WHAT IS PREMEDICATION?
Surgery is a delicate procedure, and anesthesia is an integral part of it. Surgery in its different forms is invasive to several degrees, and painful. Cutting into the body would normally cause extreme pain that could send the patient into shock, and maybe even death
Anesthesia modulates that pain by muting, reducing and even removing it entirely, putting the patient in a more relaxed state of unconsciousness so that the surgery can be carried out without hitches.
Pre-medication is medication given to act synergistically with the anesthetic agents, usually given before the anesthetic is administered. It prepares the patient for anesthesia and reduces the risk of side-effect from the use of anesthetic agents.
Pre-medication is usually given between 1-3 hours before anesthesia is administered. The practice is fading because of increasingly specific and less risky anesthetic agents, short recovery time (like in outpatient surgery) and personal preference by patients. The choice of medication will depend on the patient’s medical history, the type of anesthesia to be used in surgery, and the patient’s peculiar needs.

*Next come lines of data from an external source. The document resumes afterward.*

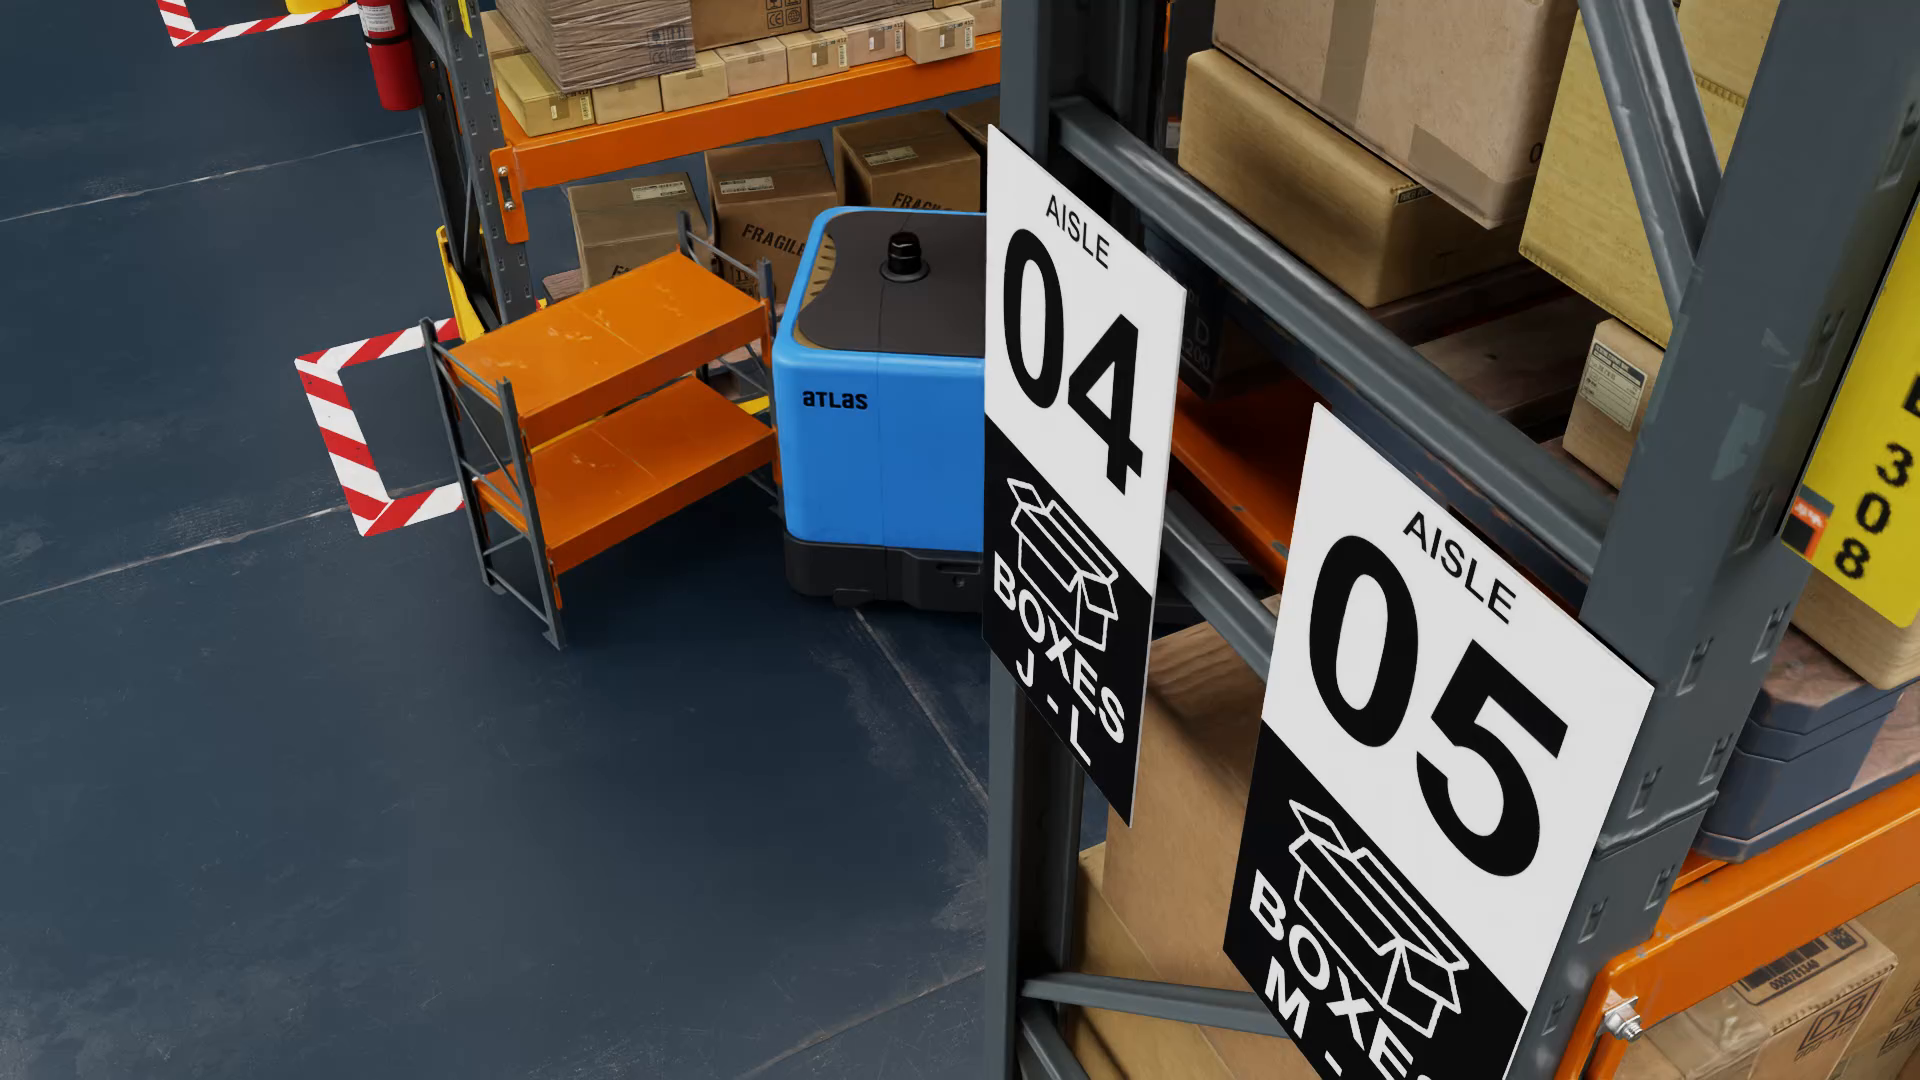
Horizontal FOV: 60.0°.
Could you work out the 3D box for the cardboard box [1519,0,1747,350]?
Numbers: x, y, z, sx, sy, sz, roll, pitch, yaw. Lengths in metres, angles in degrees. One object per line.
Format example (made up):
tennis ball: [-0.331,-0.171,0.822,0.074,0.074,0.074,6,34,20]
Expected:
cardboard box: [0.872,-0.304,1.449,0.500,0.250,0.500,-19,44,-21]

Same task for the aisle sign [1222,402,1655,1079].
aisle sign: [0.401,0.294,1.569,0.004,0.787,0.394,-19,44,-21]

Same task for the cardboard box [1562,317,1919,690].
cardboard box: [0.778,-0.073,1.485,0.250,0.149,0.380,-18,44,-20]

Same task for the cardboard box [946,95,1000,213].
cardboard box: [0.280,-1.677,7.520,0.500,0.500,0.500,-22,45,-24]

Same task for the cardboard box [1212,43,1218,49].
cardboard box: [1.298,-2.083,7.999,0.500,0.500,0.500,-20,44,-22]

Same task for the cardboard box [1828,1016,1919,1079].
cardboard box: [1.111,0.722,2.959,0.550,0.550,0.875,-19,44,-21]

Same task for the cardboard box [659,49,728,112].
cardboard box: [-1.054,-1.762,6.204,0.250,0.149,0.380,-19,44,-21]

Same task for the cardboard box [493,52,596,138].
cardboard box: [-1.513,-1.632,6.051,0.250,0.149,0.380,-19,44,-21]

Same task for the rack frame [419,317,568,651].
rack frame: [-1.556,-0.167,5.576,0.032,1.125,0.500,-32,50,-32]

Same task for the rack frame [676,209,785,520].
rack frame: [-0.821,-0.621,6.113,0.032,1.125,0.500,-32,50,-32]

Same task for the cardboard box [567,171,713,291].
cardboard box: [-1.314,-1.162,6.911,0.500,0.500,0.500,-11,41,-13]

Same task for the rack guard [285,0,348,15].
rack guard: [-4.118,-3.713,10.250,0.348,0.500,1.175,-19,44,-21]

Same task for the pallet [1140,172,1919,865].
pallet: [0.979,-0.246,1.965,1.213,0.211,1.003,-19,44,-21]

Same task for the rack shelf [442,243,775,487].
rack shelf: [-1.188,-0.617,5.655,1.000,0.278,0.538,-32,50,-32]

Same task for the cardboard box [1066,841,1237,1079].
cardboard box: [0.634,0.899,2.750,0.550,0.550,0.875,-19,44,-21]

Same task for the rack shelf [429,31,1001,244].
rack shelf: [-0.102,-2.102,6.968,4.000,0.370,1.077,-19,44,-21]

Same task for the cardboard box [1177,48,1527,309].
cardboard box: [0.464,-0.448,1.928,0.250,0.149,0.380,-19,44,-21]

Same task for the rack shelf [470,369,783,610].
rack shelf: [-1.188,-0.207,6.002,1.000,0.278,0.538,-32,50,-32]

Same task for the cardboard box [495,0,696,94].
cardboard box: [-1.376,-2.080,6.077,0.500,0.500,0.875,-19,44,-21]

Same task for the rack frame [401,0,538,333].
rack frame: [-1.876,-1.779,6.030,0.127,3.000,1.000,-19,44,-21]

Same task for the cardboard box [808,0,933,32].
cardboard box: [-0.524,-2.422,6.482,0.500,0.500,0.875,-19,44,-21]

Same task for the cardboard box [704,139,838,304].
cardboard box: [-0.800,-1.360,7.145,0.500,0.500,0.500,-8,41,-9]

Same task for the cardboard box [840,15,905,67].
cardboard box: [-0.408,-2.009,6.496,0.250,0.149,0.380,-19,44,-21]

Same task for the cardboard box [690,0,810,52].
cardboard box: [-0.987,-2.297,6.335,0.500,0.500,0.875,-19,44,-21]

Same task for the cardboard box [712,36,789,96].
cardboard box: [-0.842,-1.848,6.306,0.250,0.149,0.380,-19,44,-21]

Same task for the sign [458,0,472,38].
sign: [-1.625,-1.799,5.384,0.005,0.325,0.100,-19,44,-21]

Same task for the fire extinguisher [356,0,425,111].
fire extinguisher: [-2.190,-1.980,6.327,0.183,0.674,0.296,-19,44,-21]

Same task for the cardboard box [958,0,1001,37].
cardboard box: [0.023,-2.175,6.692,0.250,0.149,0.380,-19,44,-21]

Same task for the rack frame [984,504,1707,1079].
rack frame: [0.326,1.093,2.637,0.127,3.000,1.000,-19,44,-21]

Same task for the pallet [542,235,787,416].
pallet: [-1.072,-0.960,7.221,1.213,0.211,1.003,-19,44,-21]

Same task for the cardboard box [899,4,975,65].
cardboard box: [-0.138,-2.024,6.514,0.250,0.149,0.380,-19,44,-21]

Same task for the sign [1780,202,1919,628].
sign: [0.577,-0.096,0.982,0.005,0.325,0.100,-19,44,-21]

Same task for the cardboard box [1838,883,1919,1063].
cardboard box: [1.118,0.318,2.601,0.550,0.550,0.875,-19,44,-21]

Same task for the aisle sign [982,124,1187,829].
aisle sign: [0.124,-0.050,1.975,0.004,0.787,0.394,-19,44,-21]

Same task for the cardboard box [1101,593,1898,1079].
cardboard box: [0.672,0.535,2.344,0.550,0.550,0.875,-19,44,-21]

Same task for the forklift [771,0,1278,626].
forklift: [0.925,-1.119,5.303,3.031,2.935,1.130,3,40,4]

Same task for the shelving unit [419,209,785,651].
shelving unit: [-1.188,-0.394,5.844,1.048,1.125,0.538,-32,50,-32]

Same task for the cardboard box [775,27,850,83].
cardboard box: [-0.617,-1.919,6.389,0.250,0.149,0.380,-19,44,-21]

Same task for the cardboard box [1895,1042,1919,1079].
cardboard box: [1.666,0.627,3.071,0.550,0.550,0.875,-19,44,-21]

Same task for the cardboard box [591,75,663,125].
cardboard box: [-1.283,-1.696,6.126,0.250,0.149,0.380,-19,44,-21]

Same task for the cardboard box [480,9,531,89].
cardboard box: [-1.719,-1.887,6.352,0.250,0.149,0.380,-19,44,-21]

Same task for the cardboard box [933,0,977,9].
cardboard box: [-0.075,-2.564,6.650,0.500,0.500,0.875,-19,44,-21]

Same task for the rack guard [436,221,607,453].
rack guard: [-1.809,-0.848,6.865,0.348,0.500,1.175,-19,44,-21]

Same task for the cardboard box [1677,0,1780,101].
cardboard box: [0.769,-0.376,1.226,0.250,0.149,0.380,-18,43,-20]

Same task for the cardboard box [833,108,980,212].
cardboard box: [-0.236,-1.536,7.353,0.500,0.500,0.500,-15,42,-17]

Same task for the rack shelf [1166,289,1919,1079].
rack shelf: [2.099,-0.374,2.606,4.000,0.370,1.077,-19,44,-21]

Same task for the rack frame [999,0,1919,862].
rack frame: [0.326,-1.197,0.699,0.127,3.000,1.000,-19,44,-21]

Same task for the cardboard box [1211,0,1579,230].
cardboard box: [0.631,-0.613,1.814,0.500,0.250,0.500,-18,43,-20]

WHY IS PREMEDICATION GIVEN?
- As an agent to optimize and enhance anesthesia
- To relieve anxiety and stress
- To create optimal conditions for surgery
- To ease anesthesia-induced nausea and vomiting
- To reduce the risk of vagal reaction to anesthesia, especially when the patient is intubated.
- To relieve acute, short-term pain before surgery.

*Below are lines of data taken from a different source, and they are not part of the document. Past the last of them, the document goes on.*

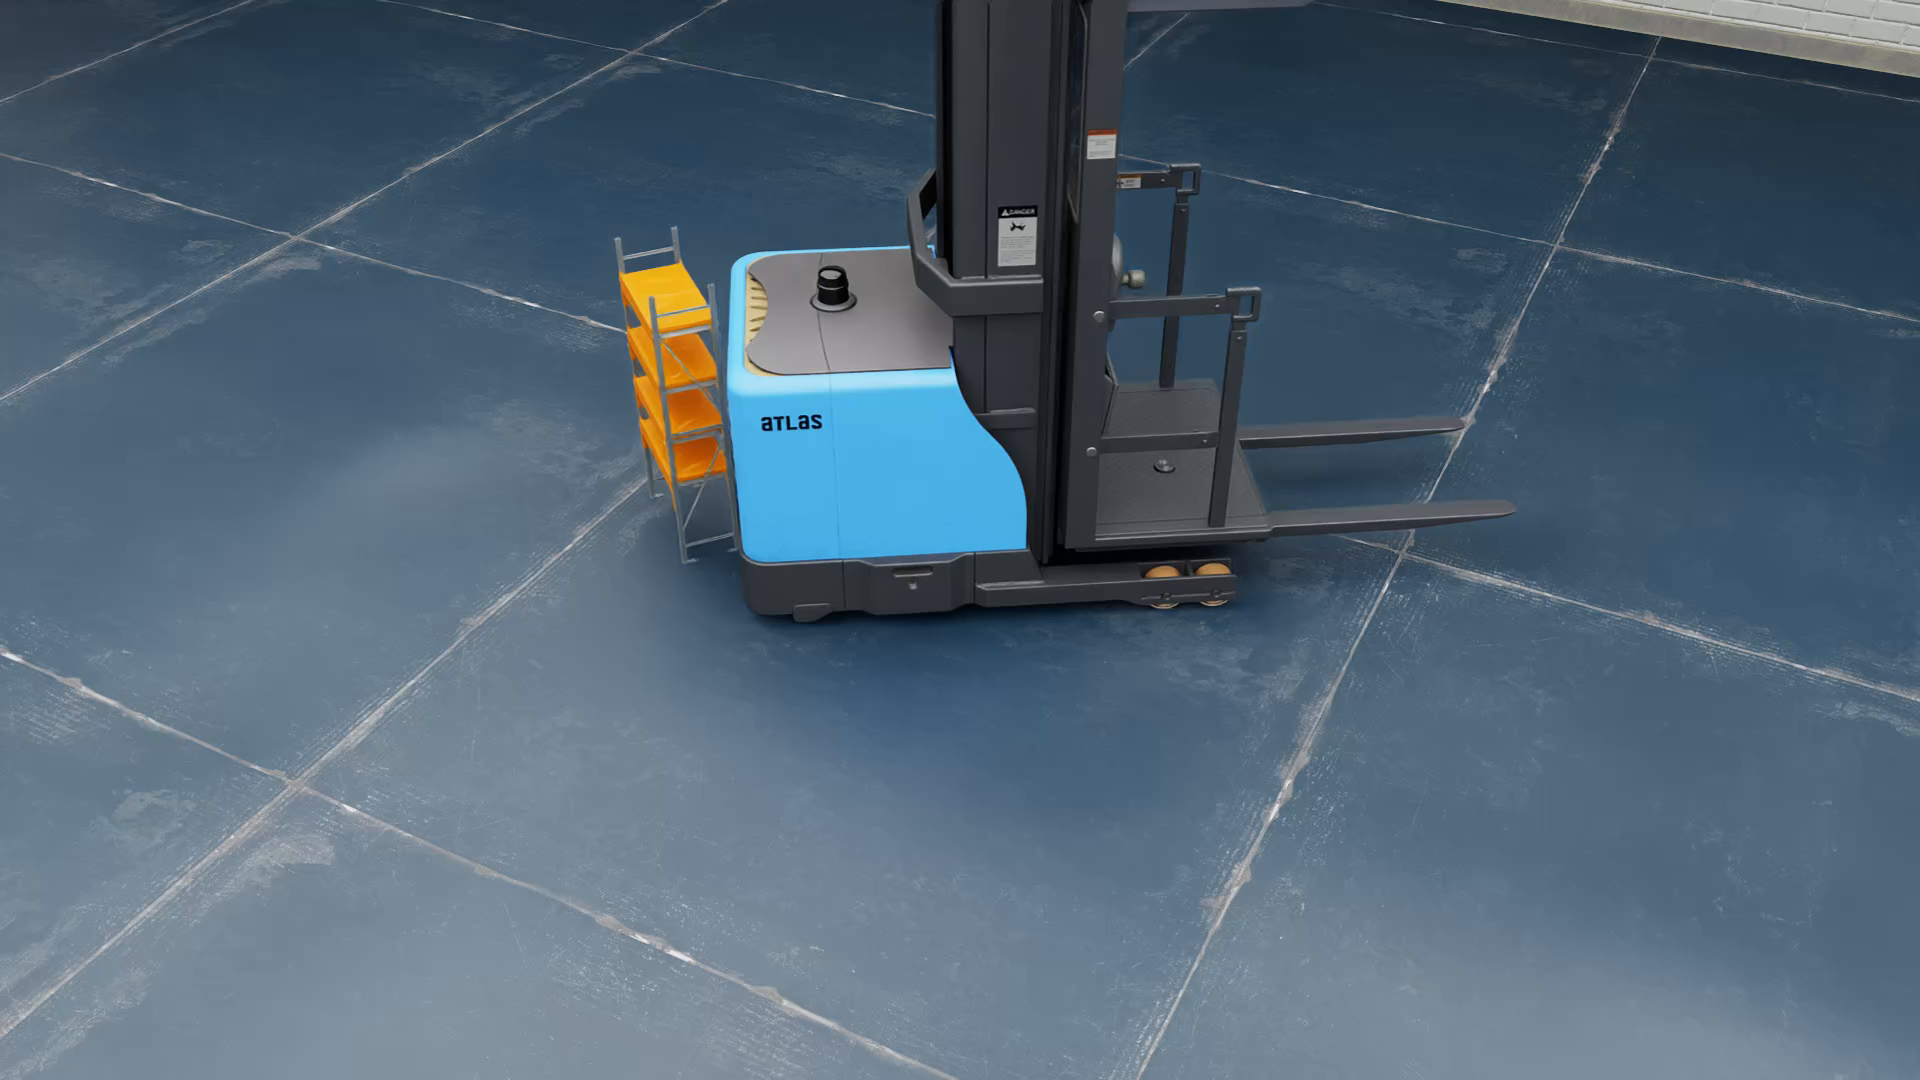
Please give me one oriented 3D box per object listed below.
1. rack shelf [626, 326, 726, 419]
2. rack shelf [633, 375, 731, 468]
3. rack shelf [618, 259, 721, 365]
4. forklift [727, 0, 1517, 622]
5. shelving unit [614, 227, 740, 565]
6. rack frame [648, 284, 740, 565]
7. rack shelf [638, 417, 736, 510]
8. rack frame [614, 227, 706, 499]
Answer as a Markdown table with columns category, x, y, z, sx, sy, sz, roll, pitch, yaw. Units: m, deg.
| category | x | y | z | sx | sy | sz | roll | pitch | yaw |
| --- | --- | --- | --- | --- | --- | --- | --- | --- | --- |
| rack shelf | -1.092 | -0.672 | 6.385 | 0.258 | 0.148 | 0.480 | -15 | 40 | -18 |
| rack shelf | -1.092 | -0.494 | 6.520 | 0.258 | 0.148 | 0.480 | -15 | 40 | -18 |
| rack shelf | -1.092 | -0.861 | 6.242 | 0.258 | 0.148 | 0.480 | -15 | 40 | -18 |
| forklift | 0.650 | -1.219 | 5.932 | 3.031 | 2.935 | 1.130 | -3 | 37 | -4 |
| shelving unit | -1.092 | -0.548 | 6.479 | 0.258 | 1.200 | 0.503 | -15 | 40 | -18 |
| rack frame | -0.995 | -0.412 | 6.301 | 0.240 | 1.200 | 0.015 | -15 | 40 | -18 |
| rack shelf | -1.092 | -0.336 | 6.640 | 0.258 | 0.148 | 0.480 | -15 | 40 | -18 |
| rack frame | -1.189 | -0.683 | 6.658 | 0.240 | 1.200 | 0.015 | -15 | 40 | -18 |

- To induce gastric emptying and prevent regurgitation during surgery.
TYPES OF PRE-MEDICATION
Analgesics: Non-steroidal anti-inflammatory agents (NSAIDS) and opioids can be given for patient’s relaxation and comfort. These are given with caution, especially when administering opioids, to reduce the risk of respiratory suppression later in surgery. Analgesics are given to relieve acute pain and make the patient more comfortable before surgery. They can, however, inducenausea and cause vomiting. Their benefits should be carefully weighed against the potential risks.
Anti-emetics: Emesis (vomiting) is an unpleasant side-effect of some anesthetic agents, particularly antihistamines and hyoscine. An anti-emetic can be given to the patient to prevent this side effect and to induce gastric emptying when it is necessary.

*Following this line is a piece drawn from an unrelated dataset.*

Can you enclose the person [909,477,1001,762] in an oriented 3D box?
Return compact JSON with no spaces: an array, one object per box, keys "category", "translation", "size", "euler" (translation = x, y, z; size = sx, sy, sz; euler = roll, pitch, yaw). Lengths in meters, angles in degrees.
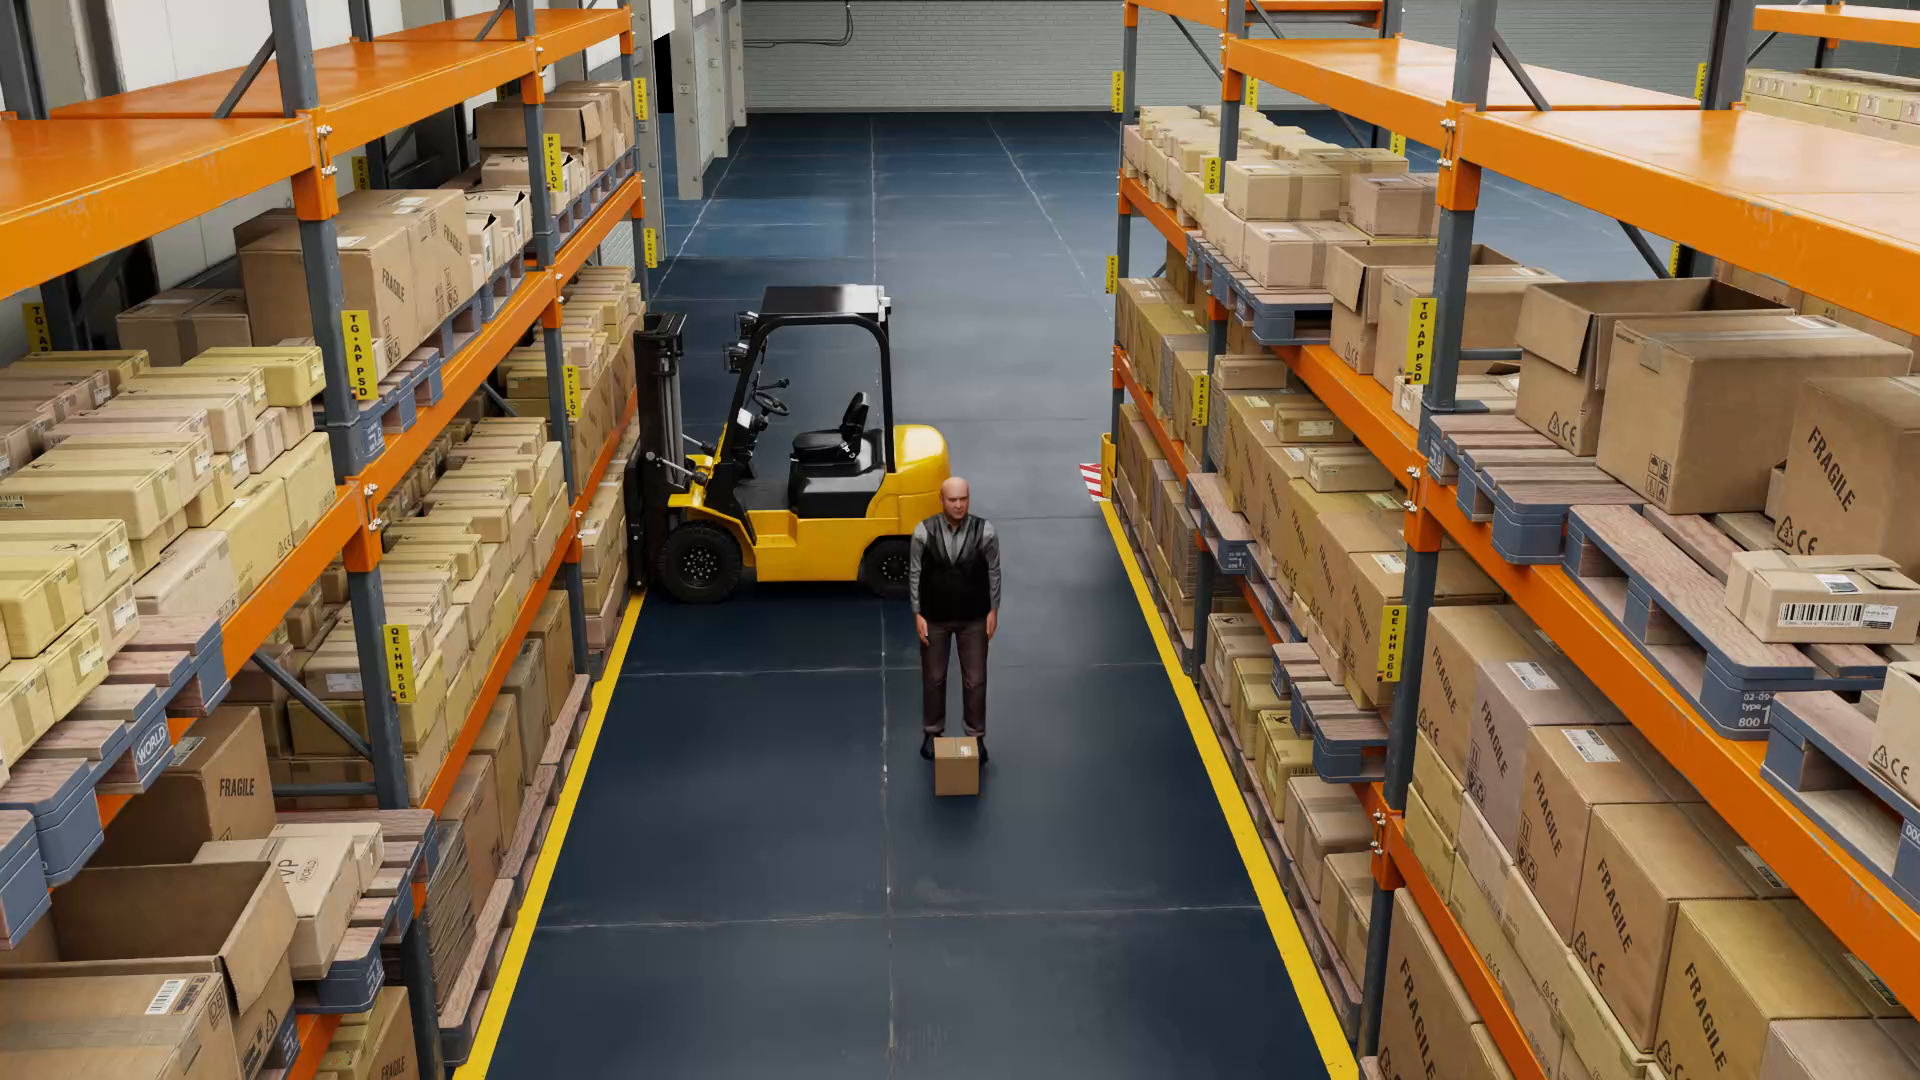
[{"category":"person","translation":[-0.027,0.470,9.847],"size":[0.544,1.726,0.393],"euler":[-1,20,-2]}]

When the surgery involves a high risk or regurgitation, Anti-emetics help to reduce the risk and prevent complications.
Anti-vagal: Some anesthetic agents can induce bradycardia (abnormally slow heartbeat), especially ketamines. In this case, an anti-vagal compound like hyoscine can be given to prevent bradycardia action after administration of the anesthetic agent.Hyoscine also reduces salivation, which could interfere with intubation and cause the patient to choke. It can also induce amnesia.
The side effect of dry mouth though could become a problem for the patient as the mouth needs lubrication to prevent injuries by intubation.
Sedatives: Before benzodiazepines or mild opioids are given to patients who are anxious about having surgery, they should be reassured and put at ease first. Sedatives should be given as a last resort.
To induce amnesia: A deeper state of amnesia will mean that the patient will not need a high dose of anesthetics. This can be achieved by pre-medication, putting the patient deeper under and reducing the attendant risks.